I got started in women's mags. Well … here's the potted history: decided at early age I would be a novelist. Got sidetracked into secretary/bank job. Had children. Began to write novels when kids little, wrote two absolutely unpublishable books that I loved to bits. Publishers hated them. Realised I needed more education and did a course much like the one I now teach on – distance learning (called a correspondence course in those days). Read that a publisher will take you seriously if you have 20 stories published in national newsstand magazines (this is UK, of course, other countries don't all have national mags). Kept writing novels as well as short stories. Got my Romantic Novelists’ Association membership by virtue of a serial I wrote for People's Friend that was published in 04. Got an agent in 2001. She nearly sold my books.

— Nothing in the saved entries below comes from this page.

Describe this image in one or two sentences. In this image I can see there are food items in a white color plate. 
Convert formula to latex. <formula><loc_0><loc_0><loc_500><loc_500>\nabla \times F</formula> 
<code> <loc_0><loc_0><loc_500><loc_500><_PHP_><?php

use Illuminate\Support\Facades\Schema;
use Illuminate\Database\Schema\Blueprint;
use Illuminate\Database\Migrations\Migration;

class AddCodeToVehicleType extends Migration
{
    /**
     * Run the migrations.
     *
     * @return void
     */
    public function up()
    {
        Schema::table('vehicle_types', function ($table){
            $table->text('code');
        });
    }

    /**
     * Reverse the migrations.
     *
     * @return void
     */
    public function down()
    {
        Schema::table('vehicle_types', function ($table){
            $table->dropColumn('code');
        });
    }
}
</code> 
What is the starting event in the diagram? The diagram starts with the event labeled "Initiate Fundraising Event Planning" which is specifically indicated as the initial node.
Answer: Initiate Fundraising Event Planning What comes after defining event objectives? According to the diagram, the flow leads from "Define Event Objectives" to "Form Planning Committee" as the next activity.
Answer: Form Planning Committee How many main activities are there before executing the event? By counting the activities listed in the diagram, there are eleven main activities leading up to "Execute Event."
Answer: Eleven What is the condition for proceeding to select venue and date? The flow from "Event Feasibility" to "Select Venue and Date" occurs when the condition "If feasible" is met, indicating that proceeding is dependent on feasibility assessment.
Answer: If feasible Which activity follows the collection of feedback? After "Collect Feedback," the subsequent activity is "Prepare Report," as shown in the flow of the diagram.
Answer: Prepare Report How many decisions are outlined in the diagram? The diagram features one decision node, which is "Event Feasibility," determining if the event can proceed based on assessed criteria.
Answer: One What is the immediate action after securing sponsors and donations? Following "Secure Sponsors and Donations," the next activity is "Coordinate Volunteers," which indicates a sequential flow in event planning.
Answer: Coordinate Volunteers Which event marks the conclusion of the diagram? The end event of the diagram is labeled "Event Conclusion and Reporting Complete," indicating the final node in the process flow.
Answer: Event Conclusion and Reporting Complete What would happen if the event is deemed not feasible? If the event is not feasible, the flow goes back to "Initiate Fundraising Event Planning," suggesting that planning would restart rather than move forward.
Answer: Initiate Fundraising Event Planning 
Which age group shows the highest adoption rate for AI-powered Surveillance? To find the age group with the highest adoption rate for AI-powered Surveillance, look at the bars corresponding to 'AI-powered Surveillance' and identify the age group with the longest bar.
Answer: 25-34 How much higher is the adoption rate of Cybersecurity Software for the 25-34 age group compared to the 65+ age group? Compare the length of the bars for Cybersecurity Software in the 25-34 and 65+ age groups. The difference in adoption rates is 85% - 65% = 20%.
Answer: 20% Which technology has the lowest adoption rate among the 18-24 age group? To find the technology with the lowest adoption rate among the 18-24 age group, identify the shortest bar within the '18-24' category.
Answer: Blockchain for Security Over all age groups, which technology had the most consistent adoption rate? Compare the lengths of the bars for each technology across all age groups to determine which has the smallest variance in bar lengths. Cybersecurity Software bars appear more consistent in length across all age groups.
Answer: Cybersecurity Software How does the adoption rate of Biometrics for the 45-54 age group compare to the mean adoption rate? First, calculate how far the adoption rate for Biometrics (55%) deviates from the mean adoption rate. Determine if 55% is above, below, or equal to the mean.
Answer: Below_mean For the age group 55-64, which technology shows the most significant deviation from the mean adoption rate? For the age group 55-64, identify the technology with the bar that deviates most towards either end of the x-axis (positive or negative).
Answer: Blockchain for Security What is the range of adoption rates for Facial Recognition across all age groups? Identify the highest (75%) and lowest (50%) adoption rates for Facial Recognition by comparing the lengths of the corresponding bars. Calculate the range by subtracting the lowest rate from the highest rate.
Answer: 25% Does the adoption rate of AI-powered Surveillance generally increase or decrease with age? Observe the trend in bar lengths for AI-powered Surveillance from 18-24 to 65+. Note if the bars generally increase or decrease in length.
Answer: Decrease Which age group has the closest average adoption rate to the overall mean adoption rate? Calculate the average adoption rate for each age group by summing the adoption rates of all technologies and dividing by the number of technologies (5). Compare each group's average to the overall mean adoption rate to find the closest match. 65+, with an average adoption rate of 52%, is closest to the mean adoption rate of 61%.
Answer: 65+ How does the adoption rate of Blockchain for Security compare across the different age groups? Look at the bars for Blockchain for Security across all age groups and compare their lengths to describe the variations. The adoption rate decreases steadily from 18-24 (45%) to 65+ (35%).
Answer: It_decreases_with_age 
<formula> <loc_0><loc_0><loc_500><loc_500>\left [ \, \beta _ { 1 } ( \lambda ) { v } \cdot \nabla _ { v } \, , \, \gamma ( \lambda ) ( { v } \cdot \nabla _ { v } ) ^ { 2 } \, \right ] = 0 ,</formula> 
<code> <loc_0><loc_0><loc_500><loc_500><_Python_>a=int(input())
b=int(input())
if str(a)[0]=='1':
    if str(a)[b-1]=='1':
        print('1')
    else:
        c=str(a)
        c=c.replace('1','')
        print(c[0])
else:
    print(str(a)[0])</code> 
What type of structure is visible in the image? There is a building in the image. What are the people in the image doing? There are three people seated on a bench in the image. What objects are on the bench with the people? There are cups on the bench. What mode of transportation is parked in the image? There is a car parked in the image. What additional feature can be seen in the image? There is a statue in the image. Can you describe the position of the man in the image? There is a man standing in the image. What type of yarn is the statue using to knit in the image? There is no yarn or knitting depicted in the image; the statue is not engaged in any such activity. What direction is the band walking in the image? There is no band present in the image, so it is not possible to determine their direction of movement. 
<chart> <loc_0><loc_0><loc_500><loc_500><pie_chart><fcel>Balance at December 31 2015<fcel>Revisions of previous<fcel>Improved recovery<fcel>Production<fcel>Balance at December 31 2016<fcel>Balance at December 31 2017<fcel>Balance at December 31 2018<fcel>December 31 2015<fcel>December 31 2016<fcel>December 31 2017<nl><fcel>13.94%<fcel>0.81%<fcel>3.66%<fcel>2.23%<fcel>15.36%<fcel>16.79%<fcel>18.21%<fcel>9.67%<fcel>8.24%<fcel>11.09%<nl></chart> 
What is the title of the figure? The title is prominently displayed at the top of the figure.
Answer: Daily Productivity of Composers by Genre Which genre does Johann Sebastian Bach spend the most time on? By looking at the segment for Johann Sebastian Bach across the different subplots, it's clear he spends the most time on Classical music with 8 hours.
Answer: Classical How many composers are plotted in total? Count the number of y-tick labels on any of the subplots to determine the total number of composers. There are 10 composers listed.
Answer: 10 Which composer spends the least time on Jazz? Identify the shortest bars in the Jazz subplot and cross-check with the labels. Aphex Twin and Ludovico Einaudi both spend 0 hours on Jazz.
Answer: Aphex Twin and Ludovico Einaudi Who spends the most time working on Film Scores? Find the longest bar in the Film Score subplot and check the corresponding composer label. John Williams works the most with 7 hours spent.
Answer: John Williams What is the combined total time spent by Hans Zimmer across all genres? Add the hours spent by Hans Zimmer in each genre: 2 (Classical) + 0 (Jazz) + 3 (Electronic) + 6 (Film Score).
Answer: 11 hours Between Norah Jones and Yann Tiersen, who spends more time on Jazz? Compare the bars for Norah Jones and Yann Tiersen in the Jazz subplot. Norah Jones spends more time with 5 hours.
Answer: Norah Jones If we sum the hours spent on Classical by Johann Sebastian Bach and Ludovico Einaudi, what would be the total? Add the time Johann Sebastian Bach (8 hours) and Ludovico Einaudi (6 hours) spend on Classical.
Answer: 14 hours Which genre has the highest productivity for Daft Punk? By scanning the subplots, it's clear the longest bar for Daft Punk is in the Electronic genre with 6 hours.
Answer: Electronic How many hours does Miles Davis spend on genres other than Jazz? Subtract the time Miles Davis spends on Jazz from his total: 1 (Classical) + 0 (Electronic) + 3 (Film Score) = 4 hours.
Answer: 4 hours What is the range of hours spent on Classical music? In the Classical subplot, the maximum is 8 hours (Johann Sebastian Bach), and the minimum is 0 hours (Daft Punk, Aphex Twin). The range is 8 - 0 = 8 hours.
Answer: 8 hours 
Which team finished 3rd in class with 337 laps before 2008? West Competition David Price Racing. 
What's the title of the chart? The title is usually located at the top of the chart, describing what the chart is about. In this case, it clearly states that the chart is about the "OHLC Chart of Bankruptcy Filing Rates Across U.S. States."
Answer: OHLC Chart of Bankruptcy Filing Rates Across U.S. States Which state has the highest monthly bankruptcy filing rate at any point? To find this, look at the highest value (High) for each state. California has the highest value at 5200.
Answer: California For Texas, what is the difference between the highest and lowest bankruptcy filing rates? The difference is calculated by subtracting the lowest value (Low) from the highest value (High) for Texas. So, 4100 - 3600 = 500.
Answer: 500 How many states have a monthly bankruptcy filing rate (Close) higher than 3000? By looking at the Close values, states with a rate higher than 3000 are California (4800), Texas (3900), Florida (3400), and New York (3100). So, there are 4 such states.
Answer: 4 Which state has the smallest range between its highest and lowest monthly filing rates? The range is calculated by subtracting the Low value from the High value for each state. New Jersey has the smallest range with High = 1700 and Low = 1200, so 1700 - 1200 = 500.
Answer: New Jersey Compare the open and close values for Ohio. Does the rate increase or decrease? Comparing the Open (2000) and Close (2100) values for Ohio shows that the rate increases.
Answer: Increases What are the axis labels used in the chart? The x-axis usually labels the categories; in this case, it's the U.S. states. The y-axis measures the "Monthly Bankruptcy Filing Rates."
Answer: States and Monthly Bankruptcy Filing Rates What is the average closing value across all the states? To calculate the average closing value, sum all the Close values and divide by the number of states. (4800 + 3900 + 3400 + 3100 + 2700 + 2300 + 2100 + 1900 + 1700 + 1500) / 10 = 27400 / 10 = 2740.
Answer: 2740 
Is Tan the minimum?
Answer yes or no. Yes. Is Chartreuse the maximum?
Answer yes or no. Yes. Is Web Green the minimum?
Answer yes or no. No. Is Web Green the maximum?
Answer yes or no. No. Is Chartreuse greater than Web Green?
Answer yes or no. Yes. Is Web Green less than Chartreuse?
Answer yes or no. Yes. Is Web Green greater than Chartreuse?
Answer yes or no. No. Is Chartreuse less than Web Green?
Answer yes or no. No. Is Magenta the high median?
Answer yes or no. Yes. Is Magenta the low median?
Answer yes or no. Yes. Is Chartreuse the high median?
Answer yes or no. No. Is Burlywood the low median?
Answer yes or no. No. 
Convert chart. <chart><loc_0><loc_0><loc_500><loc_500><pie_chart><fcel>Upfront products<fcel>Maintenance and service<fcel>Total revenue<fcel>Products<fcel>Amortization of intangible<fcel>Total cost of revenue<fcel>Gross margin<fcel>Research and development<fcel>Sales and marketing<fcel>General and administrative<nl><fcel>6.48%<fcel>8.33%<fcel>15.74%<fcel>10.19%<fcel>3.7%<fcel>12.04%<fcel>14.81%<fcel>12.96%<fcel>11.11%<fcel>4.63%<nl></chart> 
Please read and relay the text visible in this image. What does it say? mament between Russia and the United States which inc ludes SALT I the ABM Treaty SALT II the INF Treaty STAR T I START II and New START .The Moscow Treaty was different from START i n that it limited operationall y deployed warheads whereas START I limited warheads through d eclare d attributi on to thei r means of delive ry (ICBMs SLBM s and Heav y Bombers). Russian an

Nearly, nearly sold my books. Finally, in 05, sold Uphill All the Way to Transita then Family Matters to Hale. In 09, because I thought I wouldn't write novels again, I dissolved my partnership with agent to a large extent and, almost by accident, began selling the books that had nearly nearly made it to Choc Lit. The opportunity to write my ‘how to’ book: Love Writing – How to Make Money Writing Romantic or Erotic Fiction came up in the same period – early 09. So it seemed that no sooner did I stop caring so much about novels that the success began. Odd. Coincidence or a lesson to learn? I don't know. I'm just enjoying the ride, at the moment,.
Most writers have a similar story of battling things out over a number of years. Only a few write a novel, sell it, get rich!
- What do you think is the biggest myth about being a novelist?
Writer’s block. As Mickey Spillane said, inspiration is an empty bank account.
- What advice can you give to our readers who want to write a novel of their own?
Educate yourself and attend conferences, talks and seminars, join organisations such as the Romantic Novelists’ Association where you can hang out with people who are already doing it. It’s amazing what that does for your ‘can do’ attitude. Persist. Remember that if you write a page a day for a year, you’ll have a first draft. Persist. Write. Persist. Don’t ever tell me that I’m lucky to be published – the harder I work, the luckier I get.
- What are you working on at the moment?
I have just handed in Want to Know a Secret? the book that’s to be published by Choc Lit in November 2010. I’ve just been on a couple of research trips to help me write The Next Book (no proper title, as yet), including interviewing a male model, which was interesting. Martyn is my new hero and he’s a glamour model with a very particular family background. Honor is my new heroine and she’s an American in England, looking for her British mother, who left her when she was a baby. I already know quite a lot about Honor’s story, why her mother left and what kind of life Honor has had, till now. I have written the first few pages, so I know how Martyn and Honor meet and what is going to keep them apart. And how they’re not going to be able to stay apart. What’s also important is I know what they see as their responsibilities.
Apart from that, I’m getting my students, competition entries, emails, invoicing and admin up to date. I need a secretary.